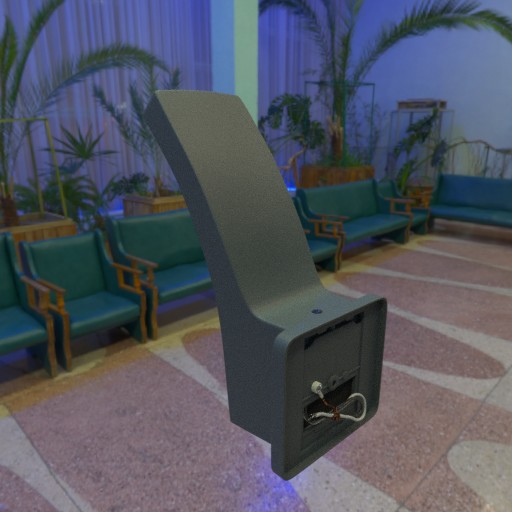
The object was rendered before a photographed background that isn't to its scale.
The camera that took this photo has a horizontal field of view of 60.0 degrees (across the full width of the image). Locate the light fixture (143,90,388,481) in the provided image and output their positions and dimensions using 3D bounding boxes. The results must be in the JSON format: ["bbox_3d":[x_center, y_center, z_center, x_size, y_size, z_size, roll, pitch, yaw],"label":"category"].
[{"bbox_3d":[0.000,0.000,0.336,0.108,0.243,0.174,-14,21,-41],"label":"light fixture"}]
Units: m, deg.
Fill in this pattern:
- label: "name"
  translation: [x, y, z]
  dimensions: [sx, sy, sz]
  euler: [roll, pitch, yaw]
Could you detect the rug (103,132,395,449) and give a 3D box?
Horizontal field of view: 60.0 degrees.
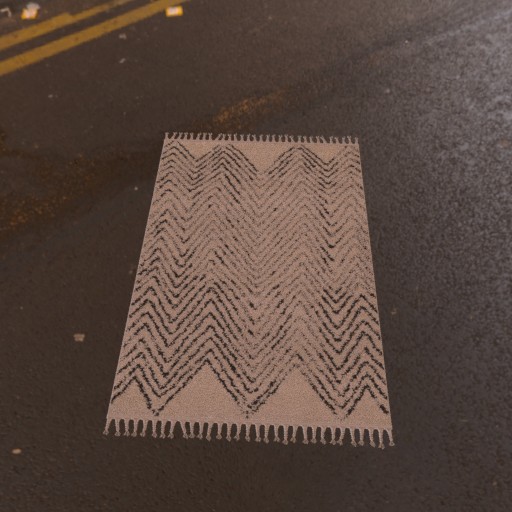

• **Work order**: The copy has to start at the line that contains "Units: m, deg." and end at the last line of the material above, matching the original exactly and holding no pictures.

• **Expected output**:
Units: m, deg.
Fill in this pattern:
- label: "name"
  translation: [x, y, z]
  dimensions: [sx, sy, sz]
  euler: [roll, pitch, yaw]
Could you detect the rug (103,132,395,449) and give a 3D box?
Horizontal field of view: 60.0 degrees.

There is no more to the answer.